An in vivo study revealed that PRX decreased the incidence of cataract in rats fed on a Trp-free diet [18]. This finding could be due to the beneficial effect of PRX on an increase in GSH level, as well as on the maintenance of S-containing amino acids and water-soluble protein levels [18,47] (Table 3). However, a clinical trial reported that PRX had no effect on the progression of congenital cataract, as indicated by the lack of change of the photographic lens opacity between eyes of an individual to whom PRX was given to one eye and a placebo to another eye [29]. These controversial findings may be due to the different types of cataract. In that study [29], each subject suffered from either complete cataract or nuclear cataract. However, the positive effect of PRX was demonstrated in the cortical type of age-related cataract [12,27,28].

5. Safety of Pirenoxine on the Eyes

PRX shows a good safety profile.
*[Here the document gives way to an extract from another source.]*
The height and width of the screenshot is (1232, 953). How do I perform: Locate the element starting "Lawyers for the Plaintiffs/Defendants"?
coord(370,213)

For example, PRX eyedrops did not delay corneal epithelial wound healing in an in vivo model [67]. The use of PRX was well tolerated during 6 and 24 months of patient treatment, and no adverse events were reported [12,68]. Despite the preservative agents—one of the causes of epitheliopathy—contained in Catalin and Kary Uni, neither corneal epithelial disruption by PRX nor its preservative-adverse effects were observed in a previous study [69]. However, a low prevalence of some adverse events of PRX has been reported, including: (1) conjunctival hyperemia and lacrimation in an animal model [27], and (2) contact dermatitis (proved by patch tests) in humans after a month of PRX instillation [70].
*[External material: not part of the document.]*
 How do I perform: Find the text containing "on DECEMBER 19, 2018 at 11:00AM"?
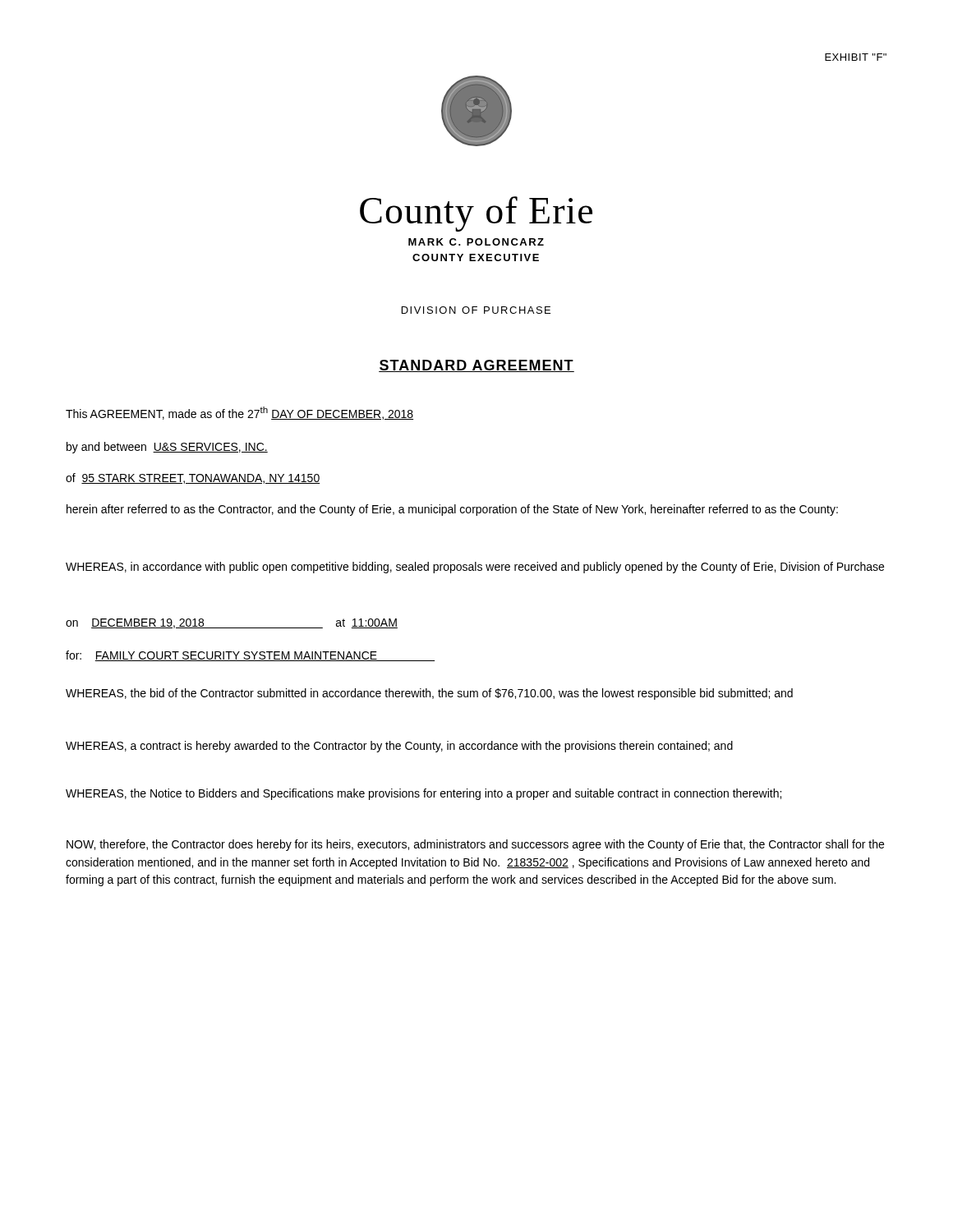point(241,623)

6. Conclusions and Future Directions

Most of the current evidence has shown the antioxidant properties of PRX on lens protein protection. It is also an Se2+ and Ca2+ chelator, an NADPH oxidation inhibitor, and a thiol-group protector, as summarized in Figure 1. Clinically, PRX may decelerate or reverse cortical opacity of the lens; however, it is still inconclusive. The effect of PRX on the changes of physical properties of the lens, including surface shapes, refractive index, and spectral transmission, requires further study. However, it is possible that PRX may alter image forming properties of the lens because PRX can reduce protein aggregation and may reduce cortical opacity of the lens. Both protein aggregation and cortical opacity cause the reduction of light intensity that passes through the lens and an increase in light scattering, leading to poor image quality. Apart from the visual acuity, there are no clinical studies that evaluate the effect of PRX on the improvement of image quality, including glare and contrast sensitivity.

Figure 1

The potential mechanisms utilized by pirenoxine in the prevention of senile cataract and diabetic cataract. Abbreviations: AR: aldose reductase; ATP: adenosine triphosphate; Ca2+: calcium ion; Ca2+-ATPase: calcium-adenosine triphosphatase; CAT: catalase; K+: potassium ion; Na+: sodium ion; NADP/NADPH: nicotinamide adenine dinucleotide phosphate; GSH: glutathione; PRX: pirenoxine; ROS: reactive oxygen species; SOD: superoxide dismutase; UV: ultraviolet (green arrows = effects of pirenoxine, red arrows = changes during cataract formation processes, texts in green and green boxes = mechanisms of pirenoxine).